Yetmemiş borçlanmış, onu da “kripto işi”ne yatırmış!..

“Kazandıkça kazandığını” ve bu gidişle kısa süre içinde büyük bir “servete” ulaşacaklarını söylüyormuş.

Hanımefendi, “Bu iş içime hiç sinmiyor.” diye yazmış ve bizden “fikir” istemiş.

Mesajların tamamına cevap vermeye çalışıyorum.

Kıymetli okuyucularımız, takipçilerimiz bize ilgi göstermiş, zahmet buyurmuş, cevapsız bırakmak ayıp olur.

Bu Hanımefendi’nin “kripto para” meselesine dair mesajına da, bu işin hiç aklıma, vicdanıma yatmadığını, etrafımda “Sen de oyna!” diyenlerin çok olduğunu ancak bugüne kadar bu işe hiç girmediğimi belirterek cevap verdim.

Sonrasında, birkaç mesajını daha gördüm.

Eşinin hırsı artarak devam ediyormuş.

“İnançlı bir insandır, o yönden telkin belki işe yarar(?)” cümlesi dikkatimi çekti.

İlahiyatçı Dr. İhsan Şenocak Hoca ile canlı yayınımızın bir bölümünde bu “kripto para” meselesi de vardı.

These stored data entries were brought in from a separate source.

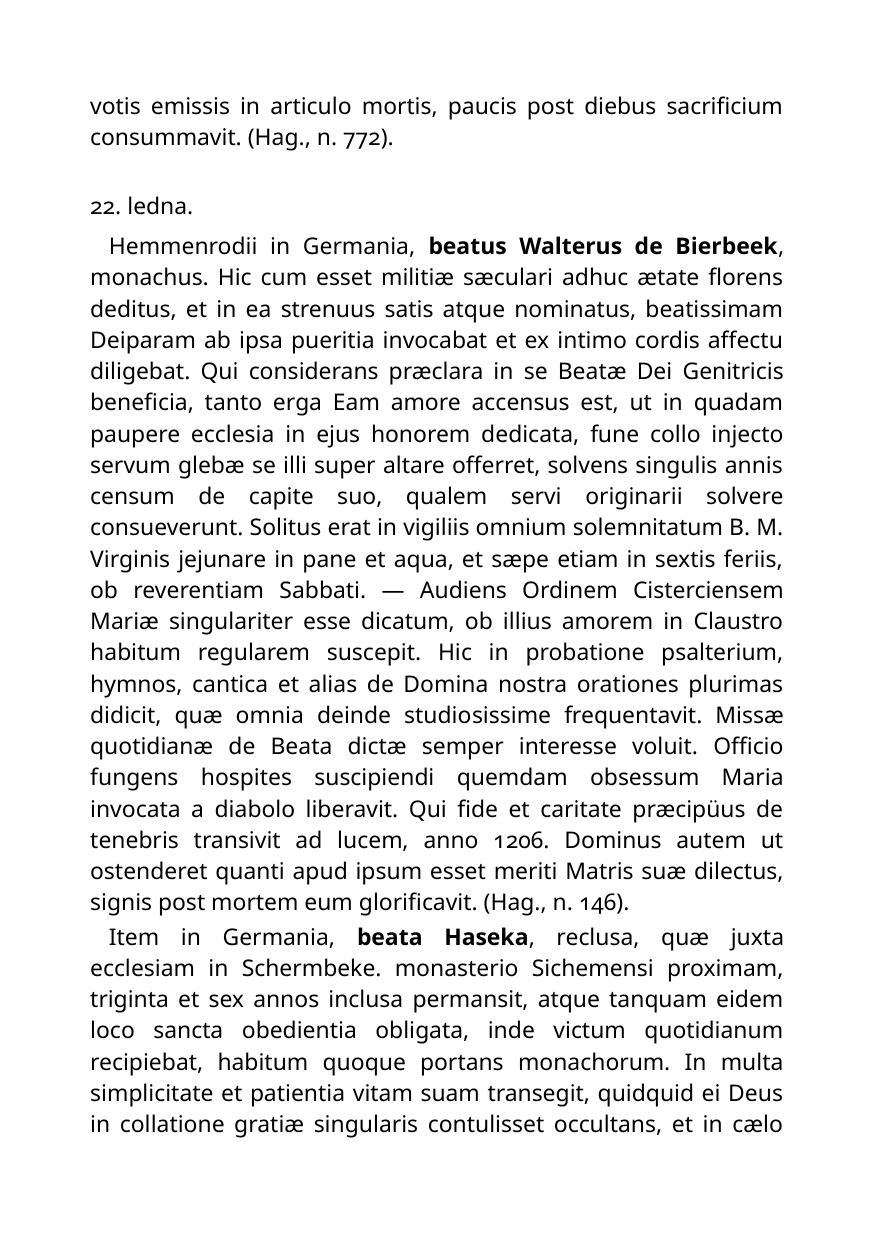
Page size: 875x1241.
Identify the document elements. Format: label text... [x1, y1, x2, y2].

text 22. ledna. [90, 190, 784, 221]
text Hemmenrodii in Germania, beatus Walterus de Bierbeek, monachus. Hic cum esset militiæ sæculari adhuc ætate florens deditus, et in ea strenuus satis atque nominatus, beatissimam Deiparam ab ipsa pueritia invocabat et ex intimo cordis affectu diligebat. Qui considerans præclara in se Beatæ Dei Genitricis beneficia, tanto erga Eam amore accensus est, ut in quadam paupere ecclesia in ejus honorem dedicata, fune collo injecto servum glebæ se illi super altare offerret, solvens singulis annis censum de capite suo, qualem servi originarii solvere consueverunt. Solitus erat in vigiliis omnium solemnitatum B. M. Virginis jejunare in pane et aqua, et sæpe etiam in sextis feriis, ob reverentiam Sabbati. — Audiens Ordinem Cisterciensem Mariæ singulariter esse dicatum, ob illius amorem in Claustro habitum regularem suscepit. Hic in probatione psalterium, hymnos, cantica et alias de Domina nostra orationes plurimas didicit, quæ omnia deinde studio­sissime frequentavit. Missæ quotidianæ de Beata dictæ semper interesse voluit. Officio fungens hospites suscipiendi quemdam obsessum Maria invocata a diabolo liberavit. Qui fide et caritate præcipüus de tenebris transivit ad lucem, anno 1206. Dominus autem ut ostenderet quanti apud ipsum esset meriti Matris suæ dilectus, signis post mortem eum glorificavit. (Hag., n. 146). [90, 230, 784, 917]
text votis emissis in articulo mortis, paucis post diebus sacrificium consummavit. (Hag., n. 772). [90, 90, 784, 152]
text Item in Germania, beata Haseka, reclusa, quæ juxta ecclesiam in Schermbeke. monasterio Sichemensi proximam, triginta et sex annos inclusa permansit, atque tanquam eidem loco sancta obedientia obligata, inde victum quotidianum recipiebat, habitum quoque portans monachorum. In multa simplicitate et patientia vitam suam transegit, quidquid ei Deus in collatione gratiæ singularis contulisset occultans, et in cælo [90, 921, 784, 1139]
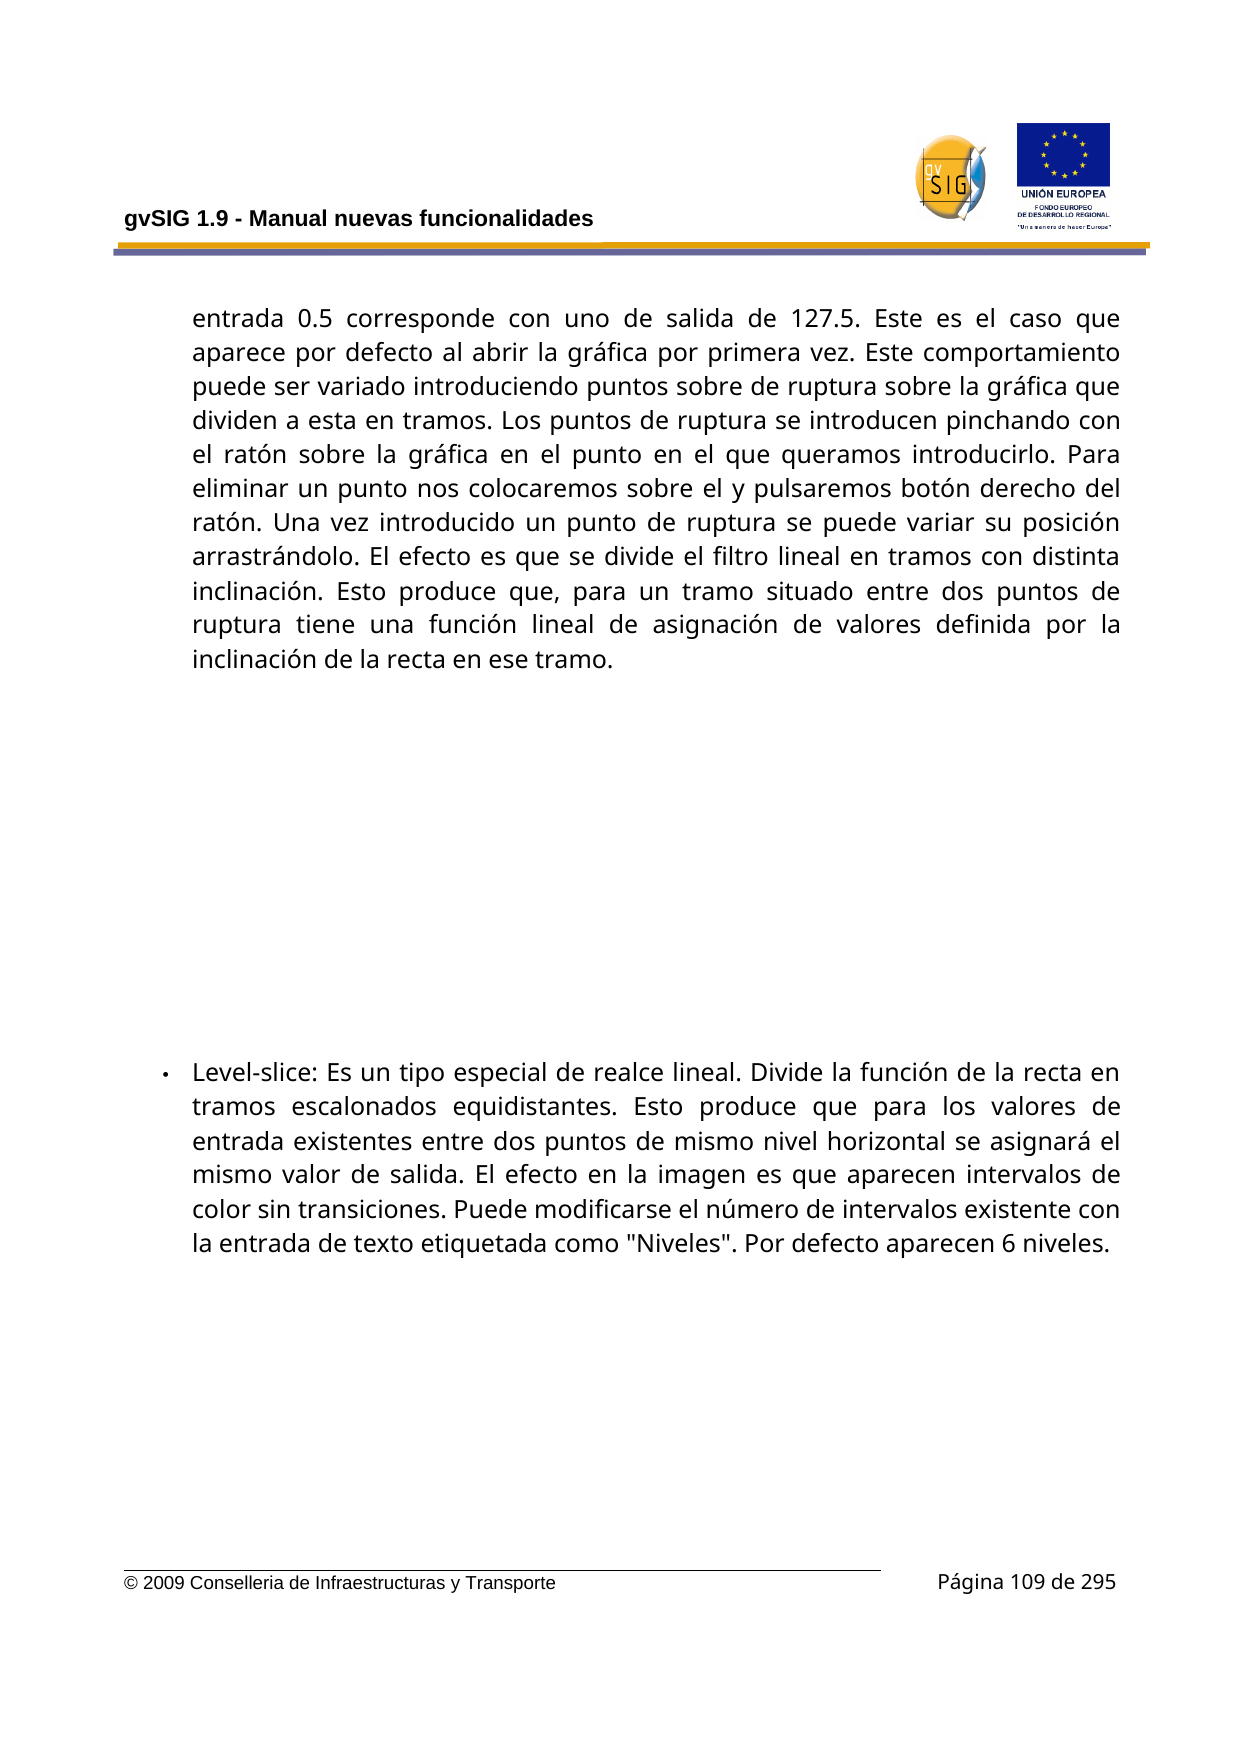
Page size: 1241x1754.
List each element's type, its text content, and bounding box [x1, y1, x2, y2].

picture [1015, 123, 1112, 232]
list entrada 0.5 corresponde con uno de salida de 127.5. Este es el caso que aparece por defecto al abrir la gráfica por primera vez. Este comportamiento puede ser variado introduciendo puntos sobre de ruptura sobre la gráfica que dividen a esta en tramos. Los puntos de ruptura se introducen pinchando con el ratón sobre la gráfica en el punto en el que queramos introducirlo. Para eliminar un punto nos colocaremos sobre el y pulsaremos botón derecho del ratón. Una vez introducido un punto de ruptura se puede variar su posición arrastrándolo. El efecto es que se divide el filtro lineal en tramos con distinta inclinación. Esto produce que, para un tramo situado entre dos puntos de ruptura tiene una función lineal de asignación de valores definida por la inclinación de la recta en ese tramo. [162, 301, 1122, 675]
list Level-slice: Es un tipo especial de realce lineal. Divide la función de la recta en tramos escalonados equidistantes. Esto produce que para los valores de entrada existentes entre dos puntos de mismo nivel horizontal se asignará el mismo valor de salida. El efecto en la imagen es que aparecen intervalos de color sin transiciones. Puede modificarse el número de intervalos existente con la entrada de texto etiquetada como "Niveles". Por defecto aparecen 6 niveles. [162, 1055, 1122, 1259]
picture [914, 134, 987, 222]

Hanımefendi’ye, “Şenocak Hoca ile söyleşimizin kripto para meselesine ilişkin bölümünü ayırıp, tekrar yayınlayayım o vakit. Eşinize izletirsiniz, umarım faydalı olur.” diye yazdım..

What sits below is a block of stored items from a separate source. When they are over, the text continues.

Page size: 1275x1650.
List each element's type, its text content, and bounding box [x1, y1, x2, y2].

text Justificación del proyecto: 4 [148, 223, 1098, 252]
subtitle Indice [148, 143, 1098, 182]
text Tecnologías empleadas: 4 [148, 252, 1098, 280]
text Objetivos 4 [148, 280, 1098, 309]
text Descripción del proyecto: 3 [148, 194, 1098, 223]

“Çok memnun olurum. Belki bu vesile olur, bırakmasına” karşılığını verdi.

Ertesi gün, Dr. İhsan Şenocak Hoca’nın “kripto para işinden” bu şartlarda mutlaka uzak durulması gerektiği yönündeki değerlendirmelerini Youtube kanalımda yayınladım.

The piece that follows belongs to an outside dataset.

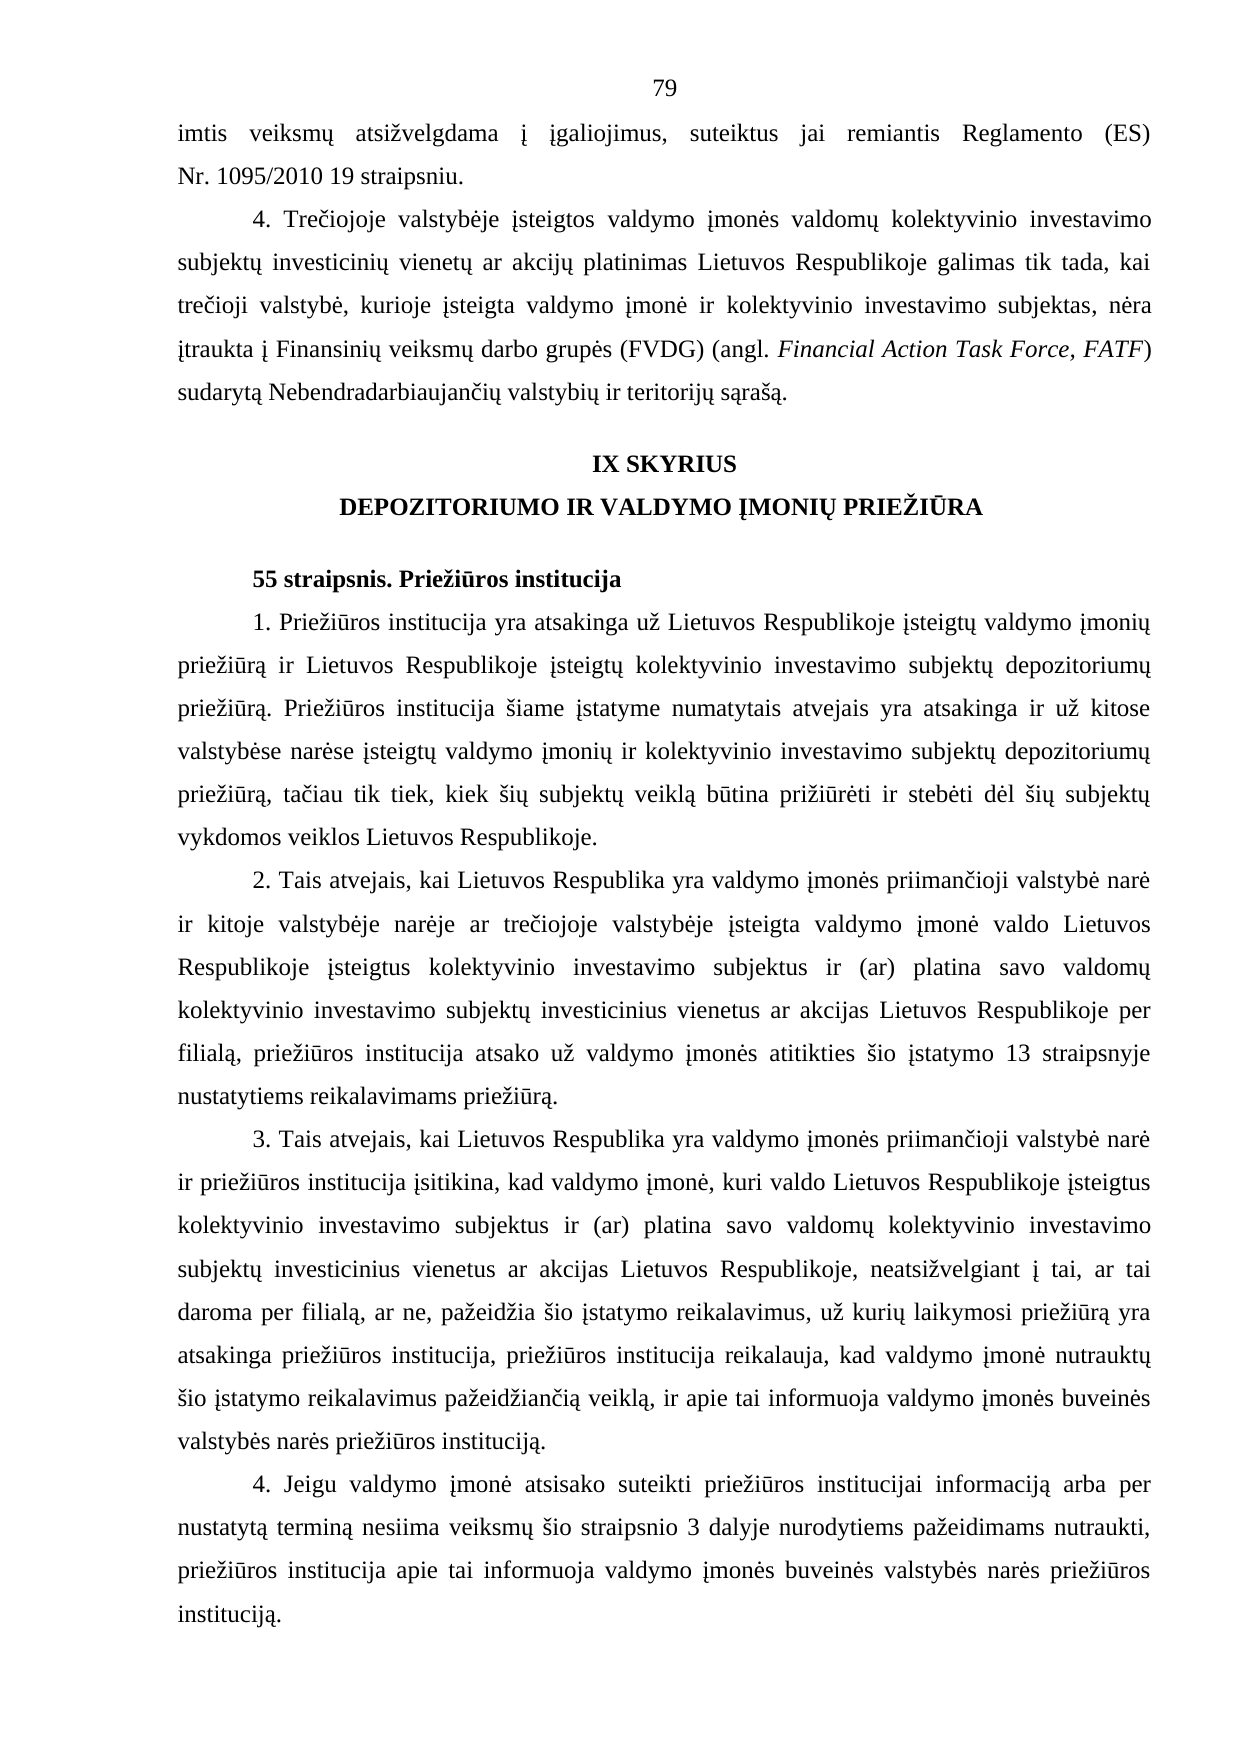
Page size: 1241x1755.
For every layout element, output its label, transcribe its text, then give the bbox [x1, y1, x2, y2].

Şunları söylüyordu Şenocak Hoca:

“Kripto paralara gelince…

Bunların arkasında bir devlet yok.

Yarın bunu piyasaya sürenler, deseler ki, ‘Bunların hiçbir değeri kalmadı, sıfır oldu dediğinde, oraya milyarlar yatıranlar, kime gidebilirler? Neyi talep edebilirler? Hiçbir hakları olmaz. Biliyorsunuz, yüzlerce kripto para var. Adam birini piyasadan çekmiş olsa, ne yapacak oradakiler? Kime gidebilirler? İnsan için en ziyade önem taşıyor hususlardan biri nedir, güvendir. Bir yerde devlet yoksa orada güven de kalmaz,  eman da olmaz. Para, her şeyden önce insanlara güven vermelidir. Arkasında bir güç olmalıdır. Bir devlet olmalıdır. Devlet, ‘Bu benim garantimdedir!’ diyene kadar, Devlet buna bir pozisyon verene kadar, kanun maddeleriyle bunun para konumunda, hükmünde olduğunu ilan edene kadar, bu noktada bir düzenleme yapana kadar, kesinlikle uzak dursunlar! Bu kumar gibidir, bakıyorsunuz intihar olaylarını görüyorsunuz, kumardan dolayı. Adam bir anda giriyor, bir anda servetini kaybediyor. Öteki bir anda büyük servetler kazanıyor. Kumar da böyle değil mi? Bir adam 60 yıl çalışıyor, birisi 60 yıllık emeğini bir dakikada elinden alıyor. Kripto para da böyledir.”

Evet, 10 gün kadar önce, bir Hanımefendi’nin DM’mize gönderdiği mesajın vesile olmasıyla Dr. İhsan

Şenocak’ın “ikazlarını” yayınladık.

Bu ikazlara, sadece bir kez değil, en az “50” mesajımızda yer verdik.

Zaman zaman “Çiftlikbank işinden de sakat bir iş bu!” diyerek, dikkat çekmeye çalıştık.

*

Biz “olacakları” hissetmişçesine böyle çaba gösterirken…

Birileri de, her vakit olduğu gibi bizi hedef aldı.

Ne cahilliğimiz kaldı, ne de “yandaş”lığımız!..

O Hanımefendi ise, “Eşime izlettim, etkilenmedi, aynen devam ediyor!” diye yazdı.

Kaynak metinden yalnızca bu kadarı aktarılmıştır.